◆ Action item:
All records that follow are to be copied exactly, with images omitted.

◆ Input for this task:
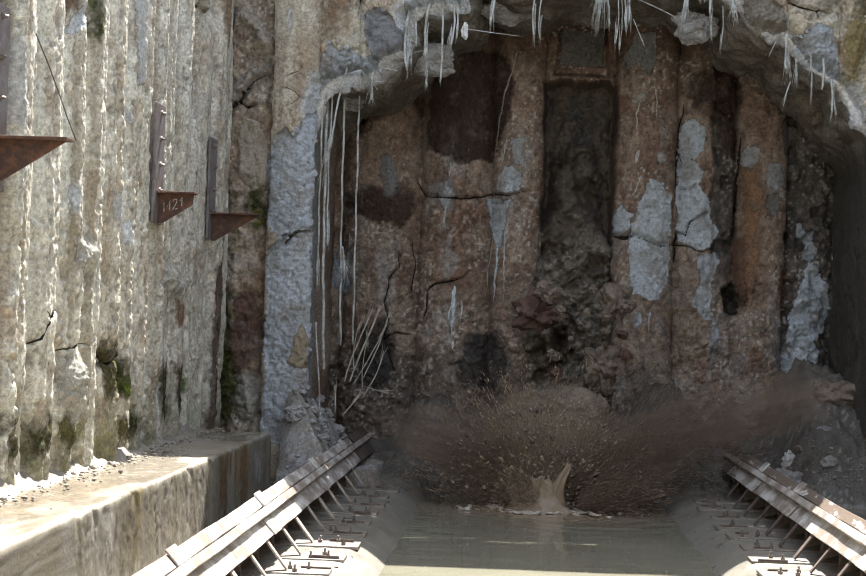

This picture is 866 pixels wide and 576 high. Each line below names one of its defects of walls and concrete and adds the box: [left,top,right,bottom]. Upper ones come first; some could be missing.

crack [232,76,265,109]
crack [417,180,531,205]
spalling [238,0,866,444]
crack [383,240,468,369]
crack [26,311,111,365]
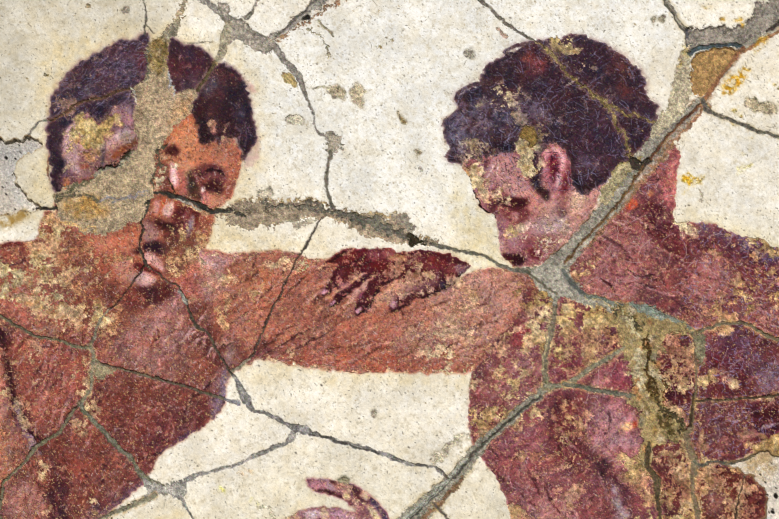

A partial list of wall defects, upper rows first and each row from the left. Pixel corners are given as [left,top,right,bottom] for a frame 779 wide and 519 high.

crack [27,88,131,139]
spalling [0,0,198,340]
crack [143,0,155,35]
crack [150,144,229,214]
crack [184,0,348,210]
crack [429,0,779,399]
peeling [743,237,779,259]
crack [0,198,549,519]
crack [635,304,779,519]
peeling [745,434,779,457]
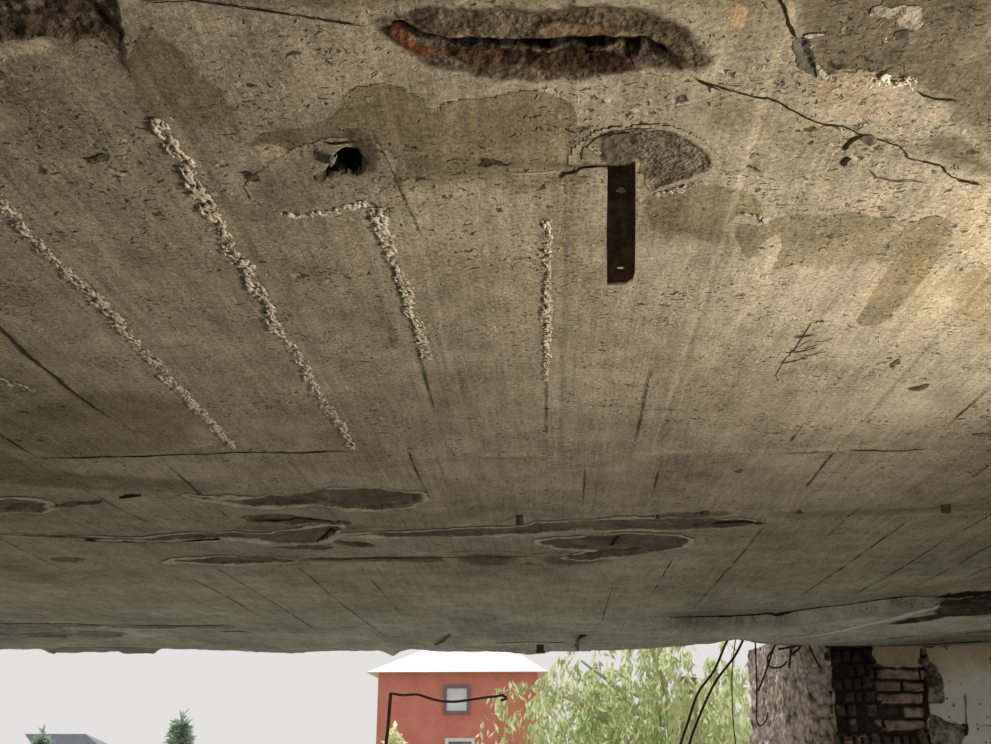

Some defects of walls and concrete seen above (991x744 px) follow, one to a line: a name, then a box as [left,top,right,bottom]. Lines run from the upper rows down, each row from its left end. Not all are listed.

spalling [0,0,124,55]
spalling [378,5,712,82]
peeling [315,150,339,183]
crack [513,128,657,179]
crack [688,69,989,185]
damp [636,180,991,391]
peeling [0,487,764,567]
flaking render [824,646,969,744]
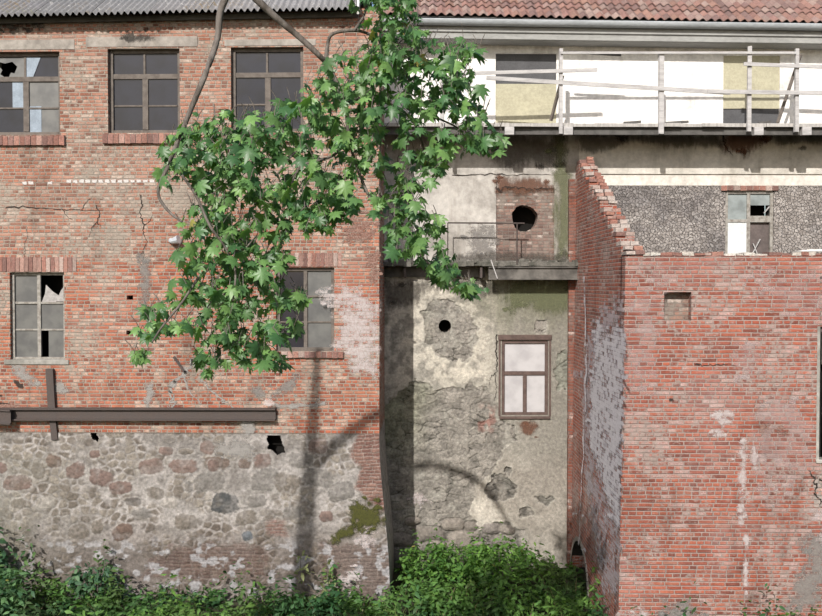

◆ Task solution:
This picture is 866 pixels wide and 576 high. Each line below names one of its defects of walls and concrete and adds the box: [left,top,right,bottom]. Upper ones come first; some could be missing.

crack [232,76,265,109]
crack [417,180,531,205]
spalling [238,0,866,444]
crack [383,240,468,369]
crack [26,311,111,365]

A partial list of wall defects, upper rows first and each row from the left. Pixel corners are given as [left,top,right,bottom] for a frame 779 wide and 519 high.

crack [27,88,131,139]
spalling [0,0,198,340]
crack [143,0,155,35]
crack [150,144,229,214]
crack [184,0,348,210]
crack [429,0,779,399]
peeling [743,237,779,259]
crack [0,198,549,519]
crack [635,304,779,519]
peeling [745,434,779,457]

Some defects of walls and concrete seen above (991x744 px) follow, one to a line: a name, then a box as [left,top,right,bottom]. Lines run from the upper rows down, each row from its left end. Not all are listed.

spalling [0,0,124,55]
spalling [378,5,712,82]
peeling [315,150,339,183]
crack [513,128,657,179]
crack [688,69,989,185]
damp [636,180,991,391]
peeling [0,487,764,567]
flaking render [824,646,969,744]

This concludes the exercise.